***** DATA PROVIDED

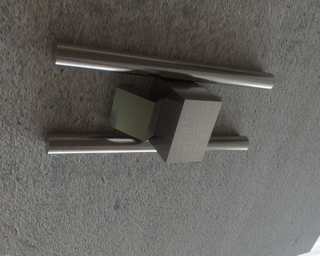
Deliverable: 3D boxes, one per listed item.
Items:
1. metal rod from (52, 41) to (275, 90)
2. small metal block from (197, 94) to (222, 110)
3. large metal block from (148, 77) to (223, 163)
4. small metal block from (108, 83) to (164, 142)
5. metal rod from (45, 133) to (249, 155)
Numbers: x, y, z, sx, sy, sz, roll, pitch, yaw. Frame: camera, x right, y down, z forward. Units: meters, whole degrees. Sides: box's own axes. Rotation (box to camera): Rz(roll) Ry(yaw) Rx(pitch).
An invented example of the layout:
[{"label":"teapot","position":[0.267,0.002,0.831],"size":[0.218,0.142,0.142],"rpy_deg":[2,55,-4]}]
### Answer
[{"label":"metal rod","position":[0.027,-0.071,0.381],"size":[0.303,0.025,0.025],"rpy_deg":[1,118,-29]},{"label":"small metal block","position":[0.062,-0.016,0.416],"size":[0.025,0.050,0.050],"rpy_deg":[19,114,9]},{"label":"large metal block","position":[0.021,-0.014,0.380],"size":[0.050,0.080,0.079],"rpy_deg":[1,118,-29]},{"label":"small metal block","position":[-0.028,-0.019,0.365],"size":[0.025,0.050,0.050],"rpy_deg":[-36,146,-60]},{"label":"metal rod","position":[0.004,0.021,0.425],"size":[0.303,0.025,0.025],"rpy_deg":[2,118,-30]}]

**********

● **TASK GOAL**
Every line of the entries above that holds "from" should be copied out.

● **ANSWER SECTION**
1. metal rod from (52, 41) to (275, 90)
2. small metal block from (197, 94) to (222, 110)
3. large metal block from (148, 77) to (223, 163)
4. small metal block from (108, 83) to (164, 142)
5. metal rod from (45, 133) to (249, 155)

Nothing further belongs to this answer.